The rooster is after us! “Over the fence,” I yell. Jessie and I climb over the fence.

Squelch! Right into the mud.

Way off in the corner a pig comes out of its hut. It squeals.

“Run, Jessie, run!”

We dash across the pig pen, slipping and sliding through the stinky mud.

Jessie trips and grabs me.

BAM!

We both fall down. We get up and jump over another fence, right in front of the chicken coop. Where our class is bunched up.

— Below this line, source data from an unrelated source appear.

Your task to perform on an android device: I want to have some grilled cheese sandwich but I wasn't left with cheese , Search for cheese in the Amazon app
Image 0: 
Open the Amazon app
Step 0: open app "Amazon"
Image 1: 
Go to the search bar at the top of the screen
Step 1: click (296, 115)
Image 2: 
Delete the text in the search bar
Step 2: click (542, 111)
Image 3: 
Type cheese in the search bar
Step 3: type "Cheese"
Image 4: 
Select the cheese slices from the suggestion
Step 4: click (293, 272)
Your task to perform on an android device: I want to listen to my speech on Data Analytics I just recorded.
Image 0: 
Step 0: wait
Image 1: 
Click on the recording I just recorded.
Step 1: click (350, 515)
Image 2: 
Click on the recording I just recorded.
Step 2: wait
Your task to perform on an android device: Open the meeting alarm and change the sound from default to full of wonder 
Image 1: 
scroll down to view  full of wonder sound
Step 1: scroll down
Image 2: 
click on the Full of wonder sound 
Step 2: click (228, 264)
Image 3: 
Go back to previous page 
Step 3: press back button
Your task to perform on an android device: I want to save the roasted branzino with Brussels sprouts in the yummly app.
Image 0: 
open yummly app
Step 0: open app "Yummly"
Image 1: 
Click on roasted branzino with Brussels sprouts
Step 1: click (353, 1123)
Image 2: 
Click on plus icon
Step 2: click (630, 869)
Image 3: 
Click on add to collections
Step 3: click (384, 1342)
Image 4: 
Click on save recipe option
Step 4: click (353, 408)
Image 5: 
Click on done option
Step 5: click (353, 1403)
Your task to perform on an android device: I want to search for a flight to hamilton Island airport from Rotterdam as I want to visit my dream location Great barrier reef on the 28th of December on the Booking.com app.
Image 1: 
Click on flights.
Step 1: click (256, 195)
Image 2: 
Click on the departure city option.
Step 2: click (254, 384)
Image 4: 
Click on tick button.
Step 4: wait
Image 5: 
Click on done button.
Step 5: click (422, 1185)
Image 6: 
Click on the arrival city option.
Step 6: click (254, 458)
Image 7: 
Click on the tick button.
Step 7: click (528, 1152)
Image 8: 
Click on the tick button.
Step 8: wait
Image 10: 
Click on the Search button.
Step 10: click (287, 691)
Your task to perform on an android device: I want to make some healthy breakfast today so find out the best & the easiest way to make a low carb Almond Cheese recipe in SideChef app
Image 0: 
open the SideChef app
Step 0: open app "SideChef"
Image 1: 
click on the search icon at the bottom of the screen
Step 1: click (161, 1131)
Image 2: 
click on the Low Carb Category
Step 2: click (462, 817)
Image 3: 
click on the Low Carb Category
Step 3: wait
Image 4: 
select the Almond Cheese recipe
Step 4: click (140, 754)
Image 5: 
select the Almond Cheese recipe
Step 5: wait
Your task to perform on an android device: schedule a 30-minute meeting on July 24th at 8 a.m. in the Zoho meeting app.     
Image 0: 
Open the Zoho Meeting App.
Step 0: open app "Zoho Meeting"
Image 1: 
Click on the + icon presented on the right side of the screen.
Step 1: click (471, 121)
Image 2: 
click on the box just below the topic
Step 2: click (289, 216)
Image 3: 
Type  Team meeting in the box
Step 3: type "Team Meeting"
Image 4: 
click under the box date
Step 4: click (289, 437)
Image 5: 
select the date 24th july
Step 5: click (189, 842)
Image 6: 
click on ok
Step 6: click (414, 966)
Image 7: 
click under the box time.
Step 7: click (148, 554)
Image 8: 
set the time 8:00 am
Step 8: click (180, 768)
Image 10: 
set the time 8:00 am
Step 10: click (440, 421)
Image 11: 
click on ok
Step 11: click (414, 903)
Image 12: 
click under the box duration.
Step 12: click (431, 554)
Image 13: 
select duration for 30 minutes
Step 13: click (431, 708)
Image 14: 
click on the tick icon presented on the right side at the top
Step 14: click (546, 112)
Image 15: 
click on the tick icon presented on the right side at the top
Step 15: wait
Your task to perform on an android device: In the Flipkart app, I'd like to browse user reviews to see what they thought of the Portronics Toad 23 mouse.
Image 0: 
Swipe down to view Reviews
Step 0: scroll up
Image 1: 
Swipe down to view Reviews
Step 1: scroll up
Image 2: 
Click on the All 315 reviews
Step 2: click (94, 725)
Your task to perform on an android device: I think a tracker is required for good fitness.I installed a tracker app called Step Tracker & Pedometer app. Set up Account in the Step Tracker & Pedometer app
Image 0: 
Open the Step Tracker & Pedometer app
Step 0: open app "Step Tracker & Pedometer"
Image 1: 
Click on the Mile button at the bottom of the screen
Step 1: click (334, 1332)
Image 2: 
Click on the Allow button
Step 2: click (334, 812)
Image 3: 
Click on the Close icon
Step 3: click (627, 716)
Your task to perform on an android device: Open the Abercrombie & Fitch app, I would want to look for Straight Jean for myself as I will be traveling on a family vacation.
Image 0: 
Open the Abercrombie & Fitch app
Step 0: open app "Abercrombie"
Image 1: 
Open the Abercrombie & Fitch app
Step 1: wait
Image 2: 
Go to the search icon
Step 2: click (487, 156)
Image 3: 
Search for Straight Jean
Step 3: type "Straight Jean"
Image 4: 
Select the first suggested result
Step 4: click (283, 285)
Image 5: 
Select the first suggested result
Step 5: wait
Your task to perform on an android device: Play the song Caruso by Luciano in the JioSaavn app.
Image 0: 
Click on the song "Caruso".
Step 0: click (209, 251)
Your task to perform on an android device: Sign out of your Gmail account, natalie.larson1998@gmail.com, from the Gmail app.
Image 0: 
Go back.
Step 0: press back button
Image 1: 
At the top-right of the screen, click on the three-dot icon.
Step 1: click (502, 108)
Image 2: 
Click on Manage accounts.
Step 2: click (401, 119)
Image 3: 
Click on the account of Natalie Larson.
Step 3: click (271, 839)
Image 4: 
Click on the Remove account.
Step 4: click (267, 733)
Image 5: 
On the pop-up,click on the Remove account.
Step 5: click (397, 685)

There’s that mean ol’ rooster, sitting on a fence post like he doesn’t have a care in the world. How did he get here before us? He must know a shortcut.

“OH MY!” Old Jan squawks. “What in the name of Percy the Pig happened to you two?”

“We got lost,” I say.

“We tried to take a shortcut,” Jessie explains.

Old Jan shakes her head. “Mrs. D. is going to holler up a storm when she sees you. You two need to clean up. Pronto! When you return, you can help us feed the chickens. We just met Friendly, our rooster.”

“You two are REVOLTING,” Gwendolyn Swanson- Carmichael says.

“I want to play in the mud!” Harvey Baxter whines.

“Lola!” Amanda says. She has her arms crossed.

Oh, no! Savannah told her about the photo.

“I didn’t mean to do it. Well, I did mean to do it. But I wish I hadn’t done it!”

“You meant to fall in the mud?” Amanda asks.

I stare at Amanda. I need a quick fib. “Oh, well, I’ve always wanted to roll in the mud.”

Savannah makes zombie arms. “I’m coming to get you, Mud Monster.”

“Does that mean you’re not mad at me anymore?” I ask.

“A little. But not a lot. I know you’re sorry.”

“How do you know?” I ask.

Savannah leans in and whispers, “Because when you finally got to choose first, you picked Jessie, and I know you wanted to pick Amanda.”

I grin at Savannah and whisper back, “She knows lots of good songs, right?”

Savannah wrinkles her nose. “Right.” And, “PEE-YOO! You and Jessie need to take a bath.”

Jessie wipes the mud off her face. So do I.

We look at each other. I feel a little giggle. I let it out. Jessie snickers. I laugh again, a little cackle. Jessie too. We’re holding our sides and laughing so hard, we can’t stop.

On the other side of the fence, the pig squeals.

“You stink,” says Timo Toivonen. “In Finland, we do not roll in mud.”